A cientista e psicóloga Rebeca Rebouças, integrante do grupo MONSTER Initiative em parceria científica com a CANNAB, explica que a distribuição para o SUS é importante como manejo terapêutico, principalmente para os pacientes com patologias refratárias ao tratamento convencional, “uma vez que já existem evidências em revisões sistemáticas e metanálises que demonstraram efeitos positivos em patologias como fibromialgia, epilepsias e efeitos adversos de quimioterapias”, reforça ela.         

Quanto ao avanço nas pesquisas, ela esclarece que continuam os estudos observacionais com a coorte de pacientes que já estão em tratamento, com intuito de identificar o impacto na qualidade de vida do paciente. E, posteriormente se dará continuidade aos estudos, com mais subsídios científicos. “Queremos nos aprofundar na compreensão sobre as repercussões do uso da cannabis medicinal, tanto nos processos inflamatórios como na avaliação de outros biomarcadores, além do rastreio de respostas e predição dos desfechos de tratamento”, esclarece ela.
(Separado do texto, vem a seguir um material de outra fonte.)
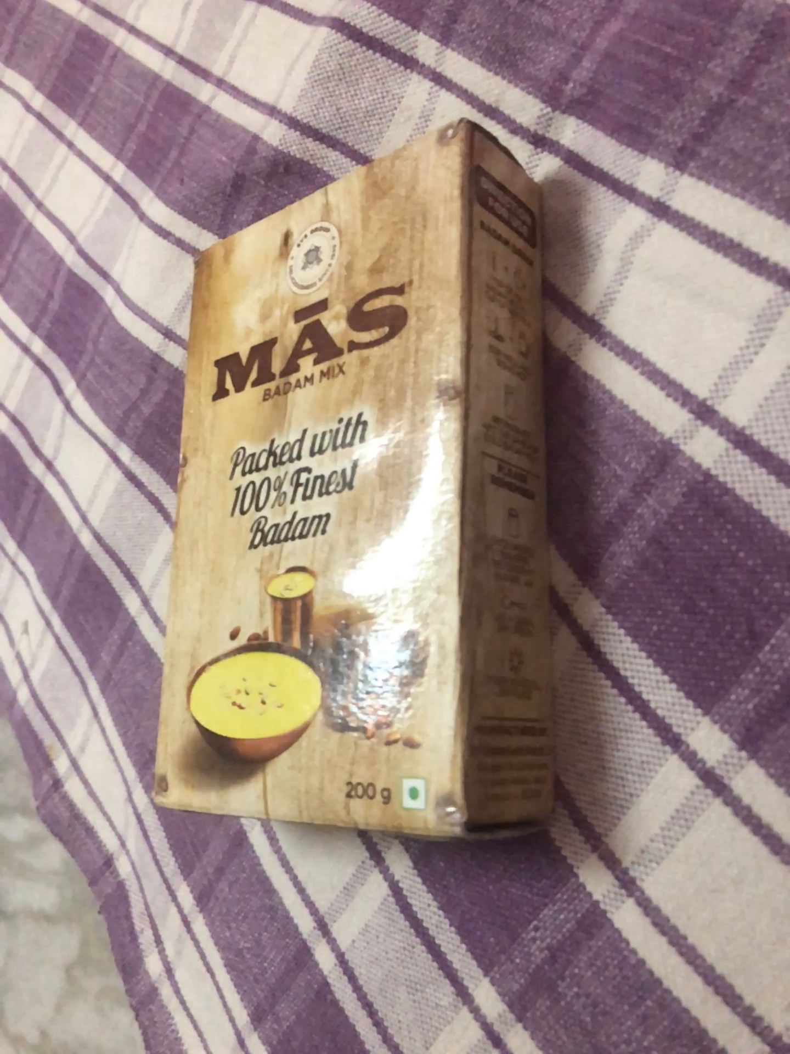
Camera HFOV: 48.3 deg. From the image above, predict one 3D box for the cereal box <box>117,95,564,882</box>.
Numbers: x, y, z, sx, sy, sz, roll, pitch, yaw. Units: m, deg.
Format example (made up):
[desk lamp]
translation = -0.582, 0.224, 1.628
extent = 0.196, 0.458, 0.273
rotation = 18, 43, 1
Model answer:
[cereal box]
translation = -0.014, -0.004, 0.181
extent = 0.090, 0.030, 0.130
rotation = -8, 75, 40

Na CANNAB, as prioridades são realizar dois ensaios clínicos, ainda esse ano, para avançar nas pesquisas e desenvolvimento de tratamento mais eficazes, e lançar um curso de capacitação para preparar médicos para manejo e prescrição. Além disso, a instituição pretende iniciar o próprio plantio de cannabis para pesquisa e produção, a fim de garantir um fornecimento de alta qualidade, e em conformidade com as normas regulatórias.